Clearly, I thought, I’ve drunk far too much of the kitchen boy’s beer tonight. Still, the warmth of the fire on my face made me close my eyes and imagine it was Cai’s breath on my skin as he leaned close to kiss me.

“You sigh any louder and somebody’s going to tattle to Heron that you’ve got a case of evil humors,” Elka’s voice murmured in my ear as she sat down beside me and handed me another cup of beer.

I opened one eye and squinted at her.

“I know it’s just love-pining,” she said, “but he’ll march you to the infirmary to have you stuck with bloodletting skewers and wrapped in one of his stinking poultices.”

I opened my other eye and grumbled something unpleasant under my breath before gulping my drink. Elka nodded and drank from her own cup.

“How long since you’ve heard from him?”

“Weeks,” I said sourly. “Four of them less a day, to be exact. Plus however many hours it’s been since I woke up this morning.”

“At least you’re getting the knack of the Roman calendar.”

“Barely.”

“And you’re learning to read their letters.”

“Less than barely.”

The Cantii had no written language. All our stories were told face-to-face, passed down through the songs and poems of our bards. We had no need for scribbled marks on tablets and scrolls to convey our hearts and minds to others.

Rome, and Romans, were different. And so I’d resolved to learn their written words as best I could. Sorcha had made a tutor available to any of the girls at the ludus who wished to avail themselves, though few of them did. Ajani, with her quiet thirst for knowledge, was one. I was another. Admittedly, I had a very specific reason for doing so. An armor-wearing reason with laughing hazel eyes and an infuriatingly kissable mouth who was, at present, a whole wide world away from me, smiting the enemies of the great and mighty Caesar.

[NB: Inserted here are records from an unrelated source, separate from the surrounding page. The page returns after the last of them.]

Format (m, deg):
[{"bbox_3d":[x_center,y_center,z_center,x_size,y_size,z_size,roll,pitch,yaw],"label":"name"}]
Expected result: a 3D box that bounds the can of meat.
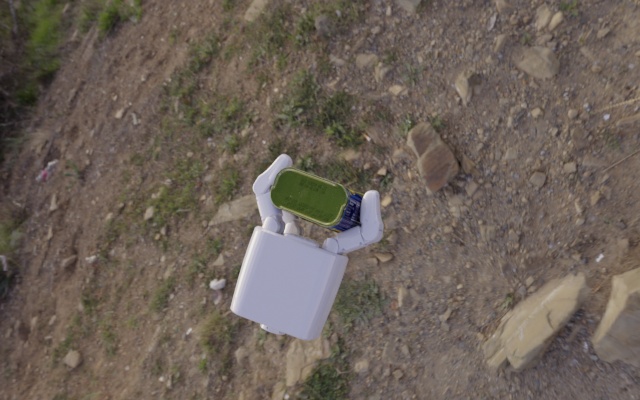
[{"bbox_3d":[0.000,0.002,0.575,0.102,0.057,0.084,20,-1,24],"label":"can of meat"}]
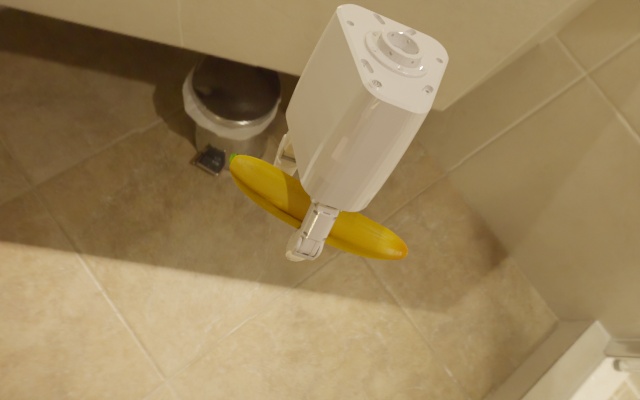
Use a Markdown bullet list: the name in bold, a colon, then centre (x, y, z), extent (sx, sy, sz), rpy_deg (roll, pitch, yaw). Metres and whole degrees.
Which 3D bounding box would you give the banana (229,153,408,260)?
- **banana**: centre (-0.008, 0.005, 0.435), extent (0.198, 0.037, 0.069), rpy_deg (31, 22, 6)
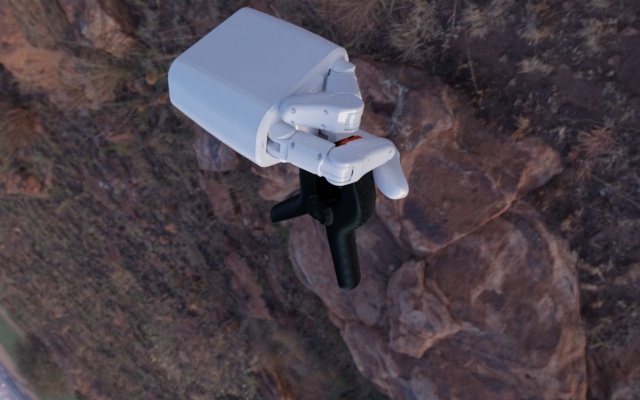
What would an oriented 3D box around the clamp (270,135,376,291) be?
[{"bbox_3d":[0.000,0.002,0.446,0.120,0.172,0.039,31,48,21],"label":"clamp"}]
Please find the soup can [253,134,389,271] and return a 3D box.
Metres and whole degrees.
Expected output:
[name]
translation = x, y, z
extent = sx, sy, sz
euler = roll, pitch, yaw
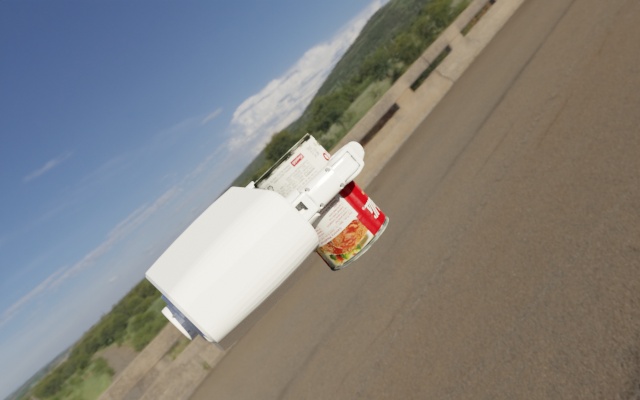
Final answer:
[soup can]
translation = 0.000, 0.001, 0.415
extent = 0.068, 0.102, 0.068
euler = -42, 7, 6
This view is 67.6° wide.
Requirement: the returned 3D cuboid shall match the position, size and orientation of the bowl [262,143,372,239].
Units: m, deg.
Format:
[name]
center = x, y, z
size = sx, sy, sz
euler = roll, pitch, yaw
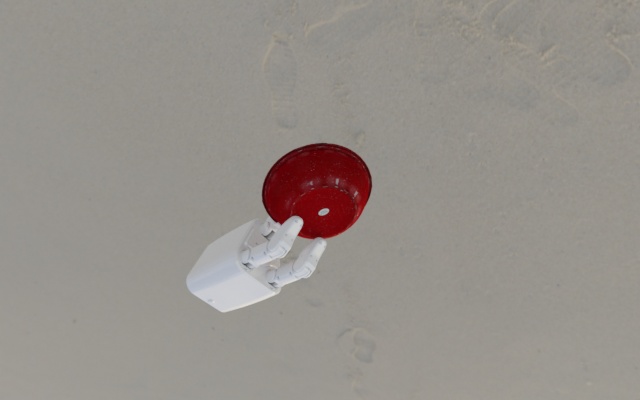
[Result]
[bowl]
center = 0.001, 0.002, 0.669
size = 0.162, 0.162, 0.055
euler = 0, 36, -12
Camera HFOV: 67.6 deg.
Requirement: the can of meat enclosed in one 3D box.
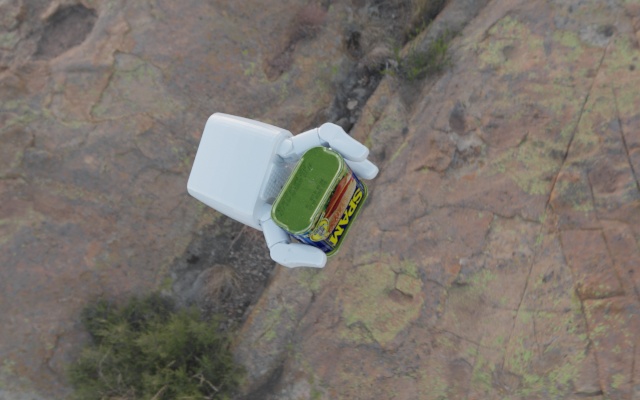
[{"bbox_3d":[0.000,0.002,0.520,0.057,0.102,0.084,24,-10,28],"label":"can of meat"}]
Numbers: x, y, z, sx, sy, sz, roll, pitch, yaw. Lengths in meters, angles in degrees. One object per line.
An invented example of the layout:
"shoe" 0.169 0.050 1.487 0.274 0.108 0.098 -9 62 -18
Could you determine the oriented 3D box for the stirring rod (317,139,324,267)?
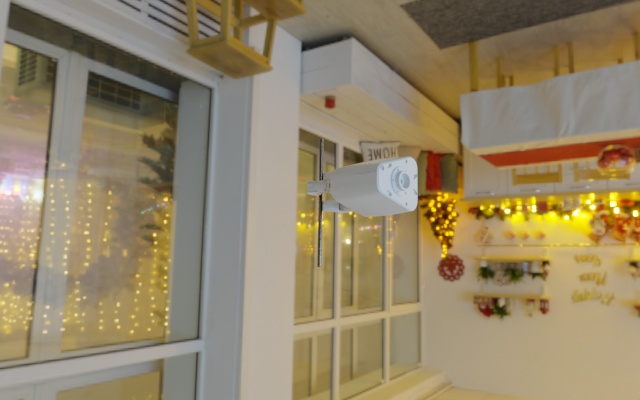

Before he left, I’d promised Cai that I would try to write. Or rather, that I would try to dictate letters to Heron, the ludus physician, and perhaps the only man I would trust with such words. And Cai had promised me, in turn, that he would send me letters back whenever he could. Letters written in basic—very basic—Latin. Usually the missives were no more than two or three lines of neat black script on a square of papyrus or vellum. But beyond the words and phrases I could recognize, like “smile” and “miss you”—or, depending on how Caesar’s campaign fared, “fight” and “enemy” and “seige”—Cai always sent me something else. He sent me pictures. They made my chest ache for him.

Because they were magic. And they were just for me.

Like the murals painted on the walls of the Ludus Achillea—scenes from the arena captured and frozen into single unending moments—Cai’s charcoal drawings of people and places, birds and animals and flowers struck me speechless when I gazed at them.

Every few weeks, a scroll sealed in a copper tube would arrive at the ludus, delivered by courier along with whatever other correspondence there was for the Lanista or the other girls. There wasn’t much of the latter—most of us didn’t have anyone to correspond with outside of the walls of the academy—and so I always felt a little guilty when the courier would ride through the gates and the other gladiatrices would sigh or snicker or, some, gaze longingly at the letters I received. In the privacy of my cell, though, that guilty twinge would vanish the instant I twisted open the seal.

Inside were scenes of the countrysides Cai and the legions marched through: rolling hills dotted with strands of trees, craggy ravines seamed with creeks, soaring forests, and endless plains. Sometimes, he drew the creatures that inhabited those places: a herd of deer grazing, an eagle perched on the high, bare branch of a lonely pine, a crow sitting on the peak of an army camp tent, wings hunched against the wind and black eyes gleaming bright. And always, beneath the sketch, Cai would write the name of the thing in neat black letters to help me learn their names in his language.